Over this time, Summers has had ample opportunity to consider the evidence before him, to evaluate the recommendations of workers, students, faculty and administrators and to develop his own views about a living wage. Now that the public comment period on the HCECP’s recommendations is over, it is time for Summers to announce his decision on Harvard’s wage structure.
We were disappointed by the president’s recent statement that a response to the HCECP report may take weeks. We recognize that this is not a decision that should be made lightly. Yet an indefinite delay is extremely disheartening for the campus community. This issue has been simmering for far too long, and a resolution is needed.
In a little over a week’s time, a new semester will begin. The return of undergraduates to campus and the start of Summers’ second semester as president will afford an an excellent opportunity for Summers to announce his decision. At the very least, instead of keeping the campus in suspense, Summers should set a final date by which he intends to make his views known.

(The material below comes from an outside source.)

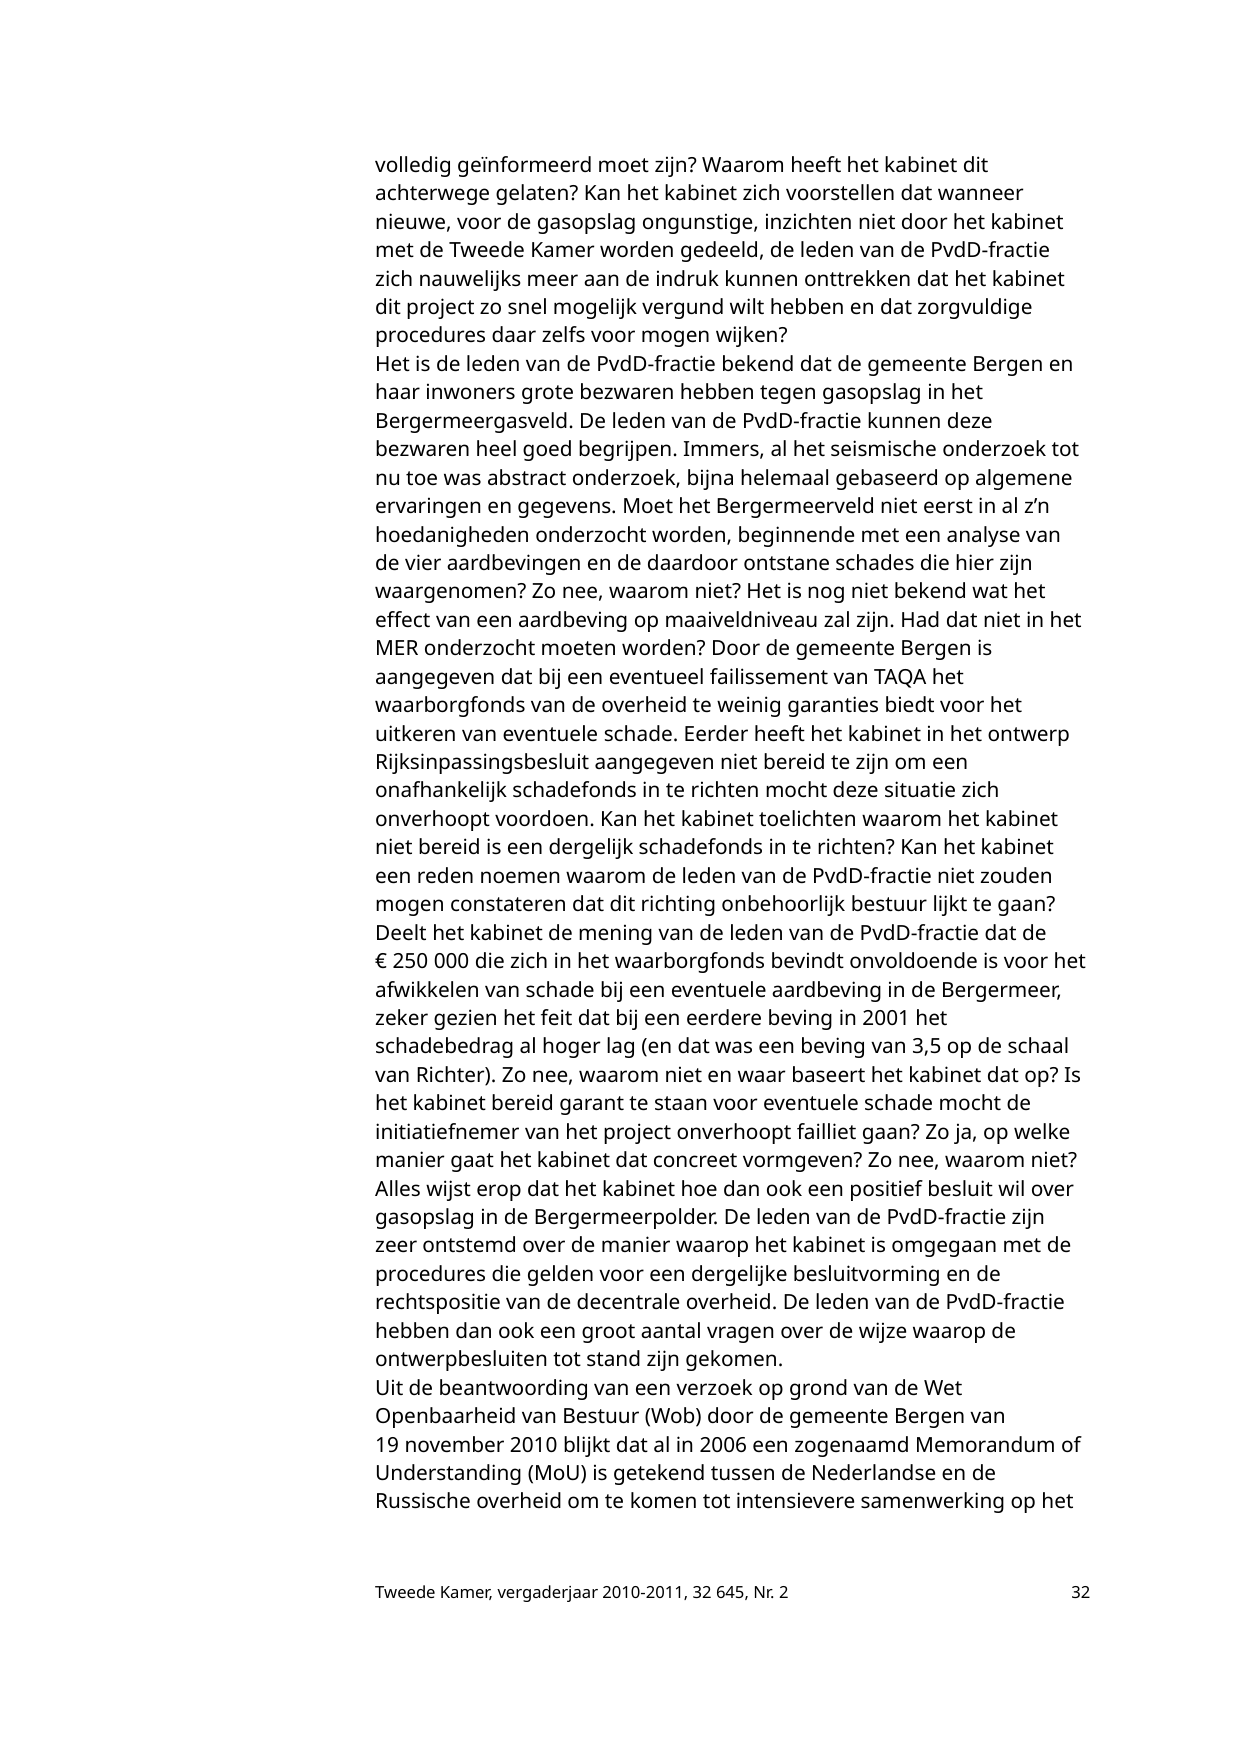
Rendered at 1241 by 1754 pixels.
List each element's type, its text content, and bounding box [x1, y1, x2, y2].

If he waits any longer, Summers will display a fatal misunderstanding of the issue before him. The crux of the issue has always been that Harvard’s workers should not be consigned to live in poverty. Every day that Harvard’s lowest-paid workers wait on Summers is another day they work without a living wage. Summers owes it to them at least to announce his decision in a timely fashion, regardless of the conclusion he has reached.
We hope that the president endorses the HCECPs recommendation of an immediate wage increase, as well as a parity wage for outsourced workers. In addition, we urge him to institute an annually adjusted wage floor for all of Harvard’s workers. Such an policy would fulfill Summers’ professed commitment to “improving the economic circumstances of the lowest wage service workers on this campus.”
Harvard’s workers have waited a long time for a living wage. There is no reason to make them wait longer. Whatever decision Summers makes, that decision must come soon.